El abogado laboralista Daniel Funes de Rioja opinó que debe haber cautela en las posibles reformas al régimen de negociación colectiva en casos de crisis, y señaló que hay que ser "sumamente realistas".

El asesor de la Unión Industrial Argentina dijo que lo que no puede ocurrir es que se trate de "disimular la realidad" de una crisis que determina que, en muchos casos, no es posible cerrar un acuerdo entres las partes, básicamente por la gravedad de la caída de la actividad económica. Y pidió que los cambios se hagan por consenso de las partes intervinientes en los procesos de negociación.
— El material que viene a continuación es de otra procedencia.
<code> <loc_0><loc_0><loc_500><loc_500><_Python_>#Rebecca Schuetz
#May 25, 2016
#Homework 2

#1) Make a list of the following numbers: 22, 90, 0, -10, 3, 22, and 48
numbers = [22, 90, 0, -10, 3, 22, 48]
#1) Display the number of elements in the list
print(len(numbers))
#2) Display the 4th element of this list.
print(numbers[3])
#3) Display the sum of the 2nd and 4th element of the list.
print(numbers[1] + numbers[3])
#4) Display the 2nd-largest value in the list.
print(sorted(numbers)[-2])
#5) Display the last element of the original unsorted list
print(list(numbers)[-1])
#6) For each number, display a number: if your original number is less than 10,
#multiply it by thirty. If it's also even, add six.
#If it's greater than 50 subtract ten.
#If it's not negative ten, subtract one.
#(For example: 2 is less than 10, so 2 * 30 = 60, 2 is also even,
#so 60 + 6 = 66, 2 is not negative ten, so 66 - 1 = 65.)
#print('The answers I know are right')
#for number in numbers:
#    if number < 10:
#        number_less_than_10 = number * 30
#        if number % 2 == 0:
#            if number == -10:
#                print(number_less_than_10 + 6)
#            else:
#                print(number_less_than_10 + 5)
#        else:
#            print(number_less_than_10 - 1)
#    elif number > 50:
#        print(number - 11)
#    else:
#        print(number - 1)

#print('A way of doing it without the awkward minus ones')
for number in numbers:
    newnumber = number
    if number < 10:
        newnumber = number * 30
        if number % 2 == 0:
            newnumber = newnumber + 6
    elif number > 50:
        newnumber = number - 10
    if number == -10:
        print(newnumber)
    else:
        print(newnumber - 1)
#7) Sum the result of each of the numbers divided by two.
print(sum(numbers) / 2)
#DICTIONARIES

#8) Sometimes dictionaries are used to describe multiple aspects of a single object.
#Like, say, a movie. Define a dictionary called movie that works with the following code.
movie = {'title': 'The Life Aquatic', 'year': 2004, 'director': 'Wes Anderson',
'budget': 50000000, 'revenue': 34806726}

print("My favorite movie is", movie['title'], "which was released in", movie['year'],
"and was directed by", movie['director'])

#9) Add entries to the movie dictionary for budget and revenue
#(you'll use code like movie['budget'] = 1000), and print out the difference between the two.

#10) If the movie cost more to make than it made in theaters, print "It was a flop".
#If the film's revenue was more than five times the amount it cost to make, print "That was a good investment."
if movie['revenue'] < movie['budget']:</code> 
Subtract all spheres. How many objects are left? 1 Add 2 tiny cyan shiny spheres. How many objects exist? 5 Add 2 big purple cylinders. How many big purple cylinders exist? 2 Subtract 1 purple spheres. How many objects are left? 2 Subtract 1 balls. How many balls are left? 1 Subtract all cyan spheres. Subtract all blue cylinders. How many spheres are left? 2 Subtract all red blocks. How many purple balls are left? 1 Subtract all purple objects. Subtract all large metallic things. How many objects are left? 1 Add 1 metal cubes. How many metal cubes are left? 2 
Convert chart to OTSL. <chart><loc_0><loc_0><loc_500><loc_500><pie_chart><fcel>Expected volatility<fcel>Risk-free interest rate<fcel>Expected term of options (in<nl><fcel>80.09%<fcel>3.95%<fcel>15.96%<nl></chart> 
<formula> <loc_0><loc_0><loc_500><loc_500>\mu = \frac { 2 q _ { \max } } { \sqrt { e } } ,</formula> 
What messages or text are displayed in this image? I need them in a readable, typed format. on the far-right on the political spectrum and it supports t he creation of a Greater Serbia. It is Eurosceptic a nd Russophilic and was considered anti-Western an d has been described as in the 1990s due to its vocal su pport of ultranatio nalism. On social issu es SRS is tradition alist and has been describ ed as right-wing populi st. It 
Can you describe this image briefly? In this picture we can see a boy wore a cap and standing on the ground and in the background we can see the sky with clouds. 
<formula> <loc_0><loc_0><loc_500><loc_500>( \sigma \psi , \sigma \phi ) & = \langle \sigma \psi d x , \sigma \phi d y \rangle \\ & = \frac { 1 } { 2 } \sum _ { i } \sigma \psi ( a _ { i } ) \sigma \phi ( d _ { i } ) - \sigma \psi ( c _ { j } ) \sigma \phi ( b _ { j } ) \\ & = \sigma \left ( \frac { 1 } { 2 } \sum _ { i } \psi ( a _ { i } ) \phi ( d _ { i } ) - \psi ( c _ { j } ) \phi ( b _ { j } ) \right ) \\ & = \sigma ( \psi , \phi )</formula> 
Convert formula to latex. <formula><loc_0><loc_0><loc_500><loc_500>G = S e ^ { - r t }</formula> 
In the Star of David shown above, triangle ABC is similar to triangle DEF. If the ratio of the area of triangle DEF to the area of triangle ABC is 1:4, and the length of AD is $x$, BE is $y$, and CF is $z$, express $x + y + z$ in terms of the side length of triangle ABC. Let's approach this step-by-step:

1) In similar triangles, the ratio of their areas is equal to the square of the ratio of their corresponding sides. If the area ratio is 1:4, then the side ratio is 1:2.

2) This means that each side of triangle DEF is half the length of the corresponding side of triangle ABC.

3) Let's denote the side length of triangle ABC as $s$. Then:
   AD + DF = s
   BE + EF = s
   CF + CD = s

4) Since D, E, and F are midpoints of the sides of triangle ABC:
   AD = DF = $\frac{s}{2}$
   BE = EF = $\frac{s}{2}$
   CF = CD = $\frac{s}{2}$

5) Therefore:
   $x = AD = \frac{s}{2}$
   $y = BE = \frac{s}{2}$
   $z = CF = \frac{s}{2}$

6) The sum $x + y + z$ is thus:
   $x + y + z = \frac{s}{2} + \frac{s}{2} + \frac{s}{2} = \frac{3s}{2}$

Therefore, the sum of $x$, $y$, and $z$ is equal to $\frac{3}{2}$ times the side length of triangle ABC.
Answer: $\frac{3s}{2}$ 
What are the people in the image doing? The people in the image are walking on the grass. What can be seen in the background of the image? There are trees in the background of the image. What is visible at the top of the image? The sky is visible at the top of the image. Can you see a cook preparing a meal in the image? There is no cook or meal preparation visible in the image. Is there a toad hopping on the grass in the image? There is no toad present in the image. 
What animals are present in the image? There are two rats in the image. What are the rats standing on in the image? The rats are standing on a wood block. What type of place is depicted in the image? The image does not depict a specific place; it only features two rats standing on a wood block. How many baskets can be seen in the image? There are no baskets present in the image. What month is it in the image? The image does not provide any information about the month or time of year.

El informe del Ministerio de Trabajo que analiza lo ocurrido entre 1994 y 2001 expresa, entre sus comentarios, que "las partes adoptan, por lo general, una posición confrontativa, que se percibe al leer las actas del expediente". De todas formas, a renglón seguido agrega que "en especial en los últimos dos años, ha variado en un sentido más colaborativo la actitud de las partes". Sin embargo, esa mejor predisposición no se condice con los resultados obtenidos, si se tiene en cuenta que en los últimos tiempos se redujo el porcentaje de acuerdos alcanzados.

El cruce de ambos datos sería una señal de las dificultades cada vez mayores que la crisis impone a la hora de intentar reducir el impacto de medidas negativas sobre las dotaciones de las compañías.

Por otra parte, el documento recuerda que los procedimientos que terminan sin acuerdo dejan a las partes en libertad de acción para tomar las decisiones que crean necesarias. Además, advierte que "cualquiera de las medidas adoptadas, provengan de la parte empresarial o de la parte trabajadora, ponen en riesgo el empleo", y señala que "no existe un seguimiento de los pasos siguientes que adopta el conflicto".

Esa conclusión estaría justificando la intención de prolongar los tiempos de las negociaciones, una decisión que podría tomar de oficio el Ministerio.

Sobre ese punto, Funes de Rioja señaló su conformidad respecto de si hay acuerdo de partes para ir a la conciliación obligatoria. Pero advirtió que, si se alargan los tiempos sin voluntad de las partes, se correría el riesgo de tan sólo generar más perjuicios. "No se puede inhibir a las empresas en forma permanente", sostuvo.

Durante los plazos de negociaciones de crisis o por conciliación obligatoria, la firma no puede afectar con ninguna disposición al personal y los trabajadores deben suspender las medidas de fuerza.